(The data)
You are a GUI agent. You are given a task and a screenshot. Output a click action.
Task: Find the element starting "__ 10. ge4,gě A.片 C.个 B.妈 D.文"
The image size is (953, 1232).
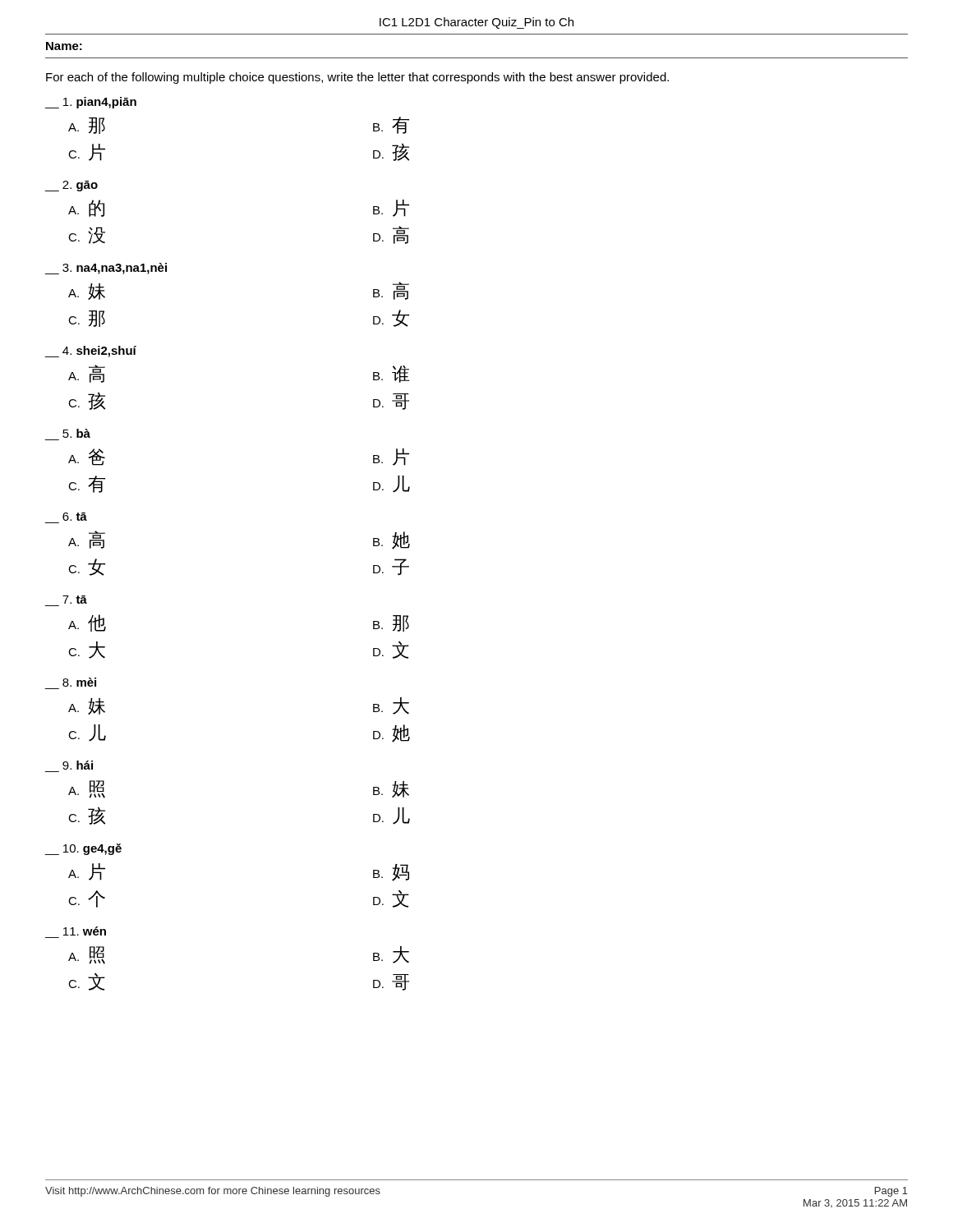(x=83, y=849)
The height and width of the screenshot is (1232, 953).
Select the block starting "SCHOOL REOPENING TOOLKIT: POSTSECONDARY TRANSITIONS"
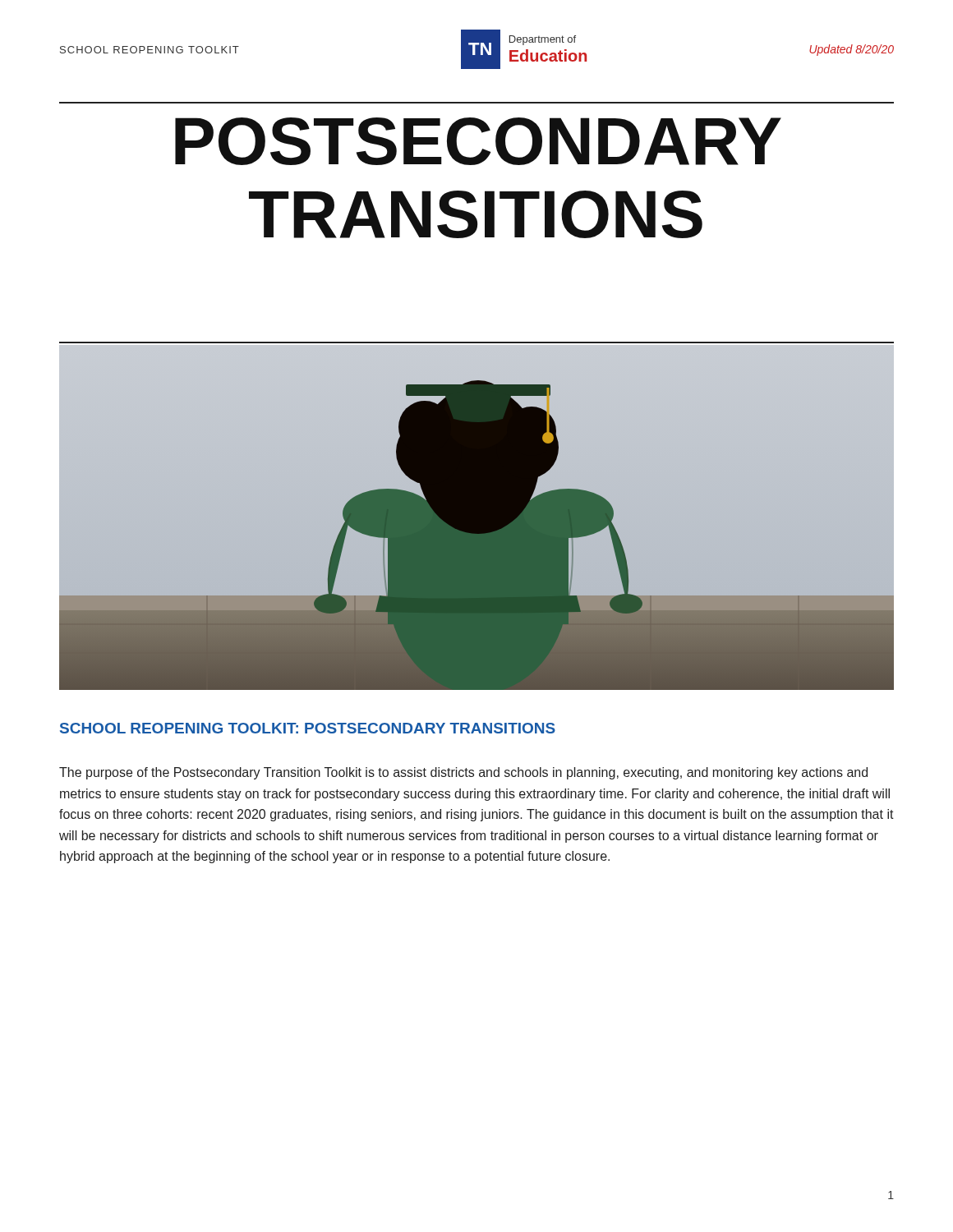pyautogui.click(x=476, y=729)
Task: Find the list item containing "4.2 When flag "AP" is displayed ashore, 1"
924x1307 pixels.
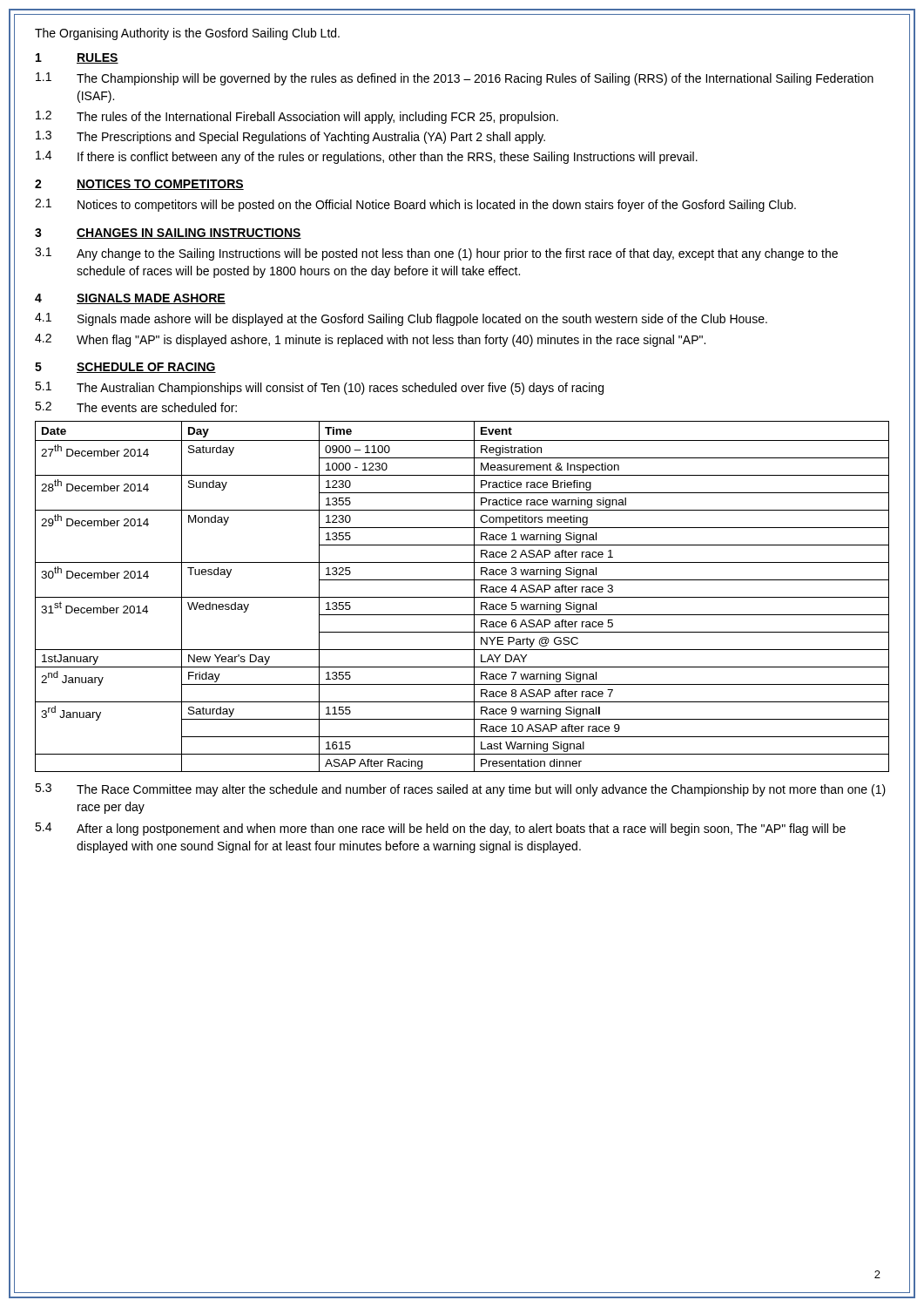Action: tap(462, 340)
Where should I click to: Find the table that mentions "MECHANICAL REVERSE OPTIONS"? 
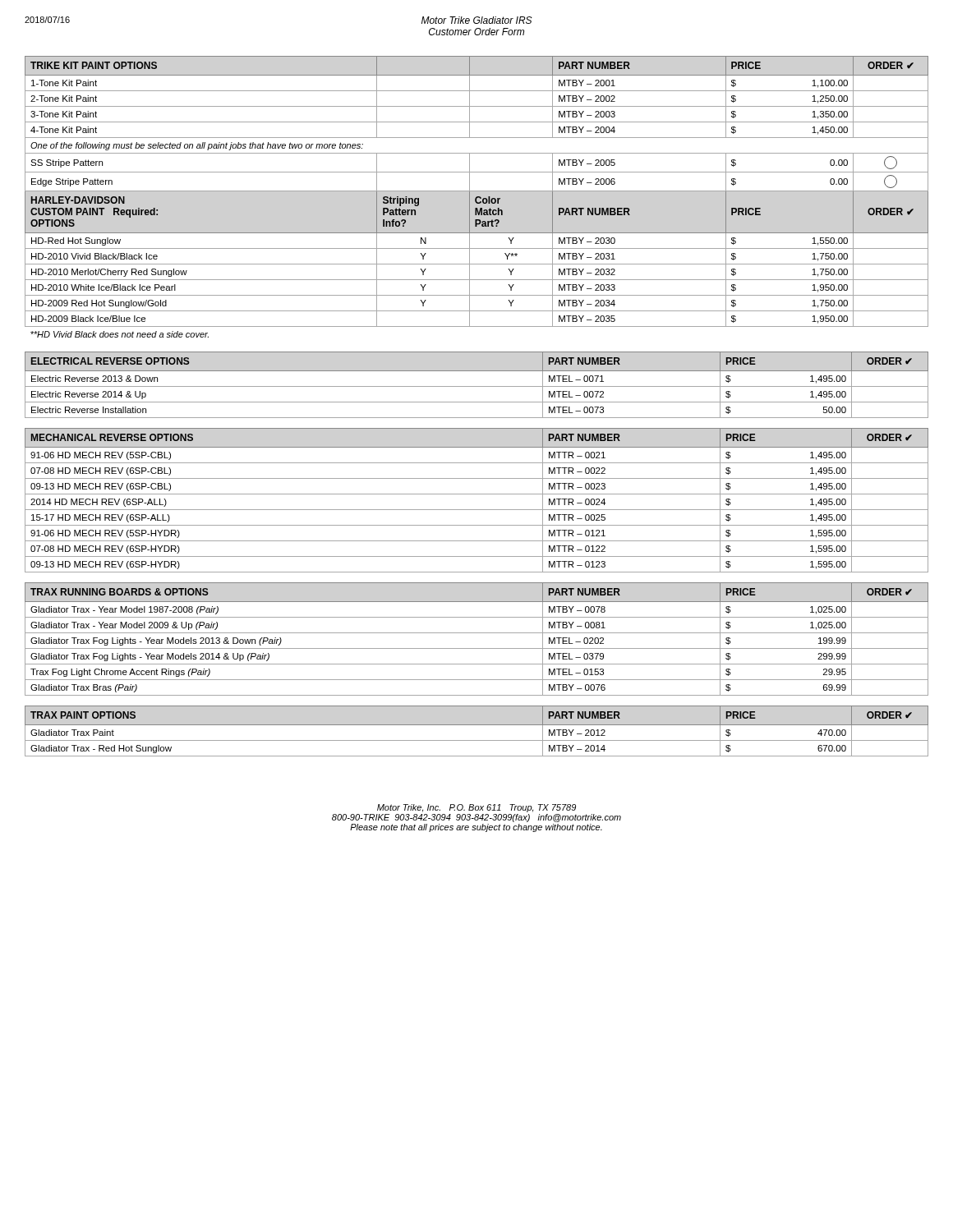point(476,500)
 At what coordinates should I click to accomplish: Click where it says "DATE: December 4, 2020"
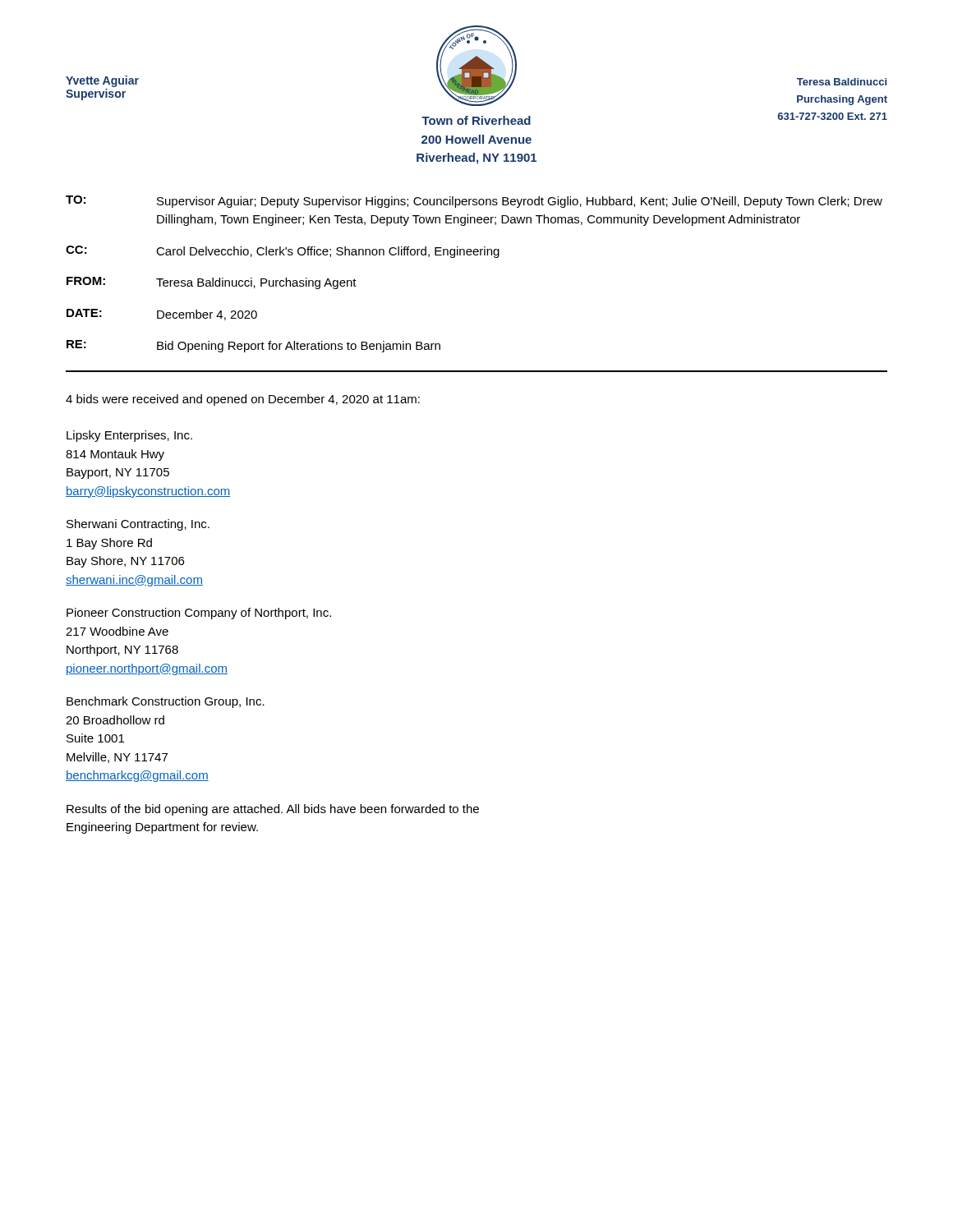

(Directions for this task) Count the lines of the entries above that contain the word "screenshot" and give only the number.

(Reply to the exercise) 2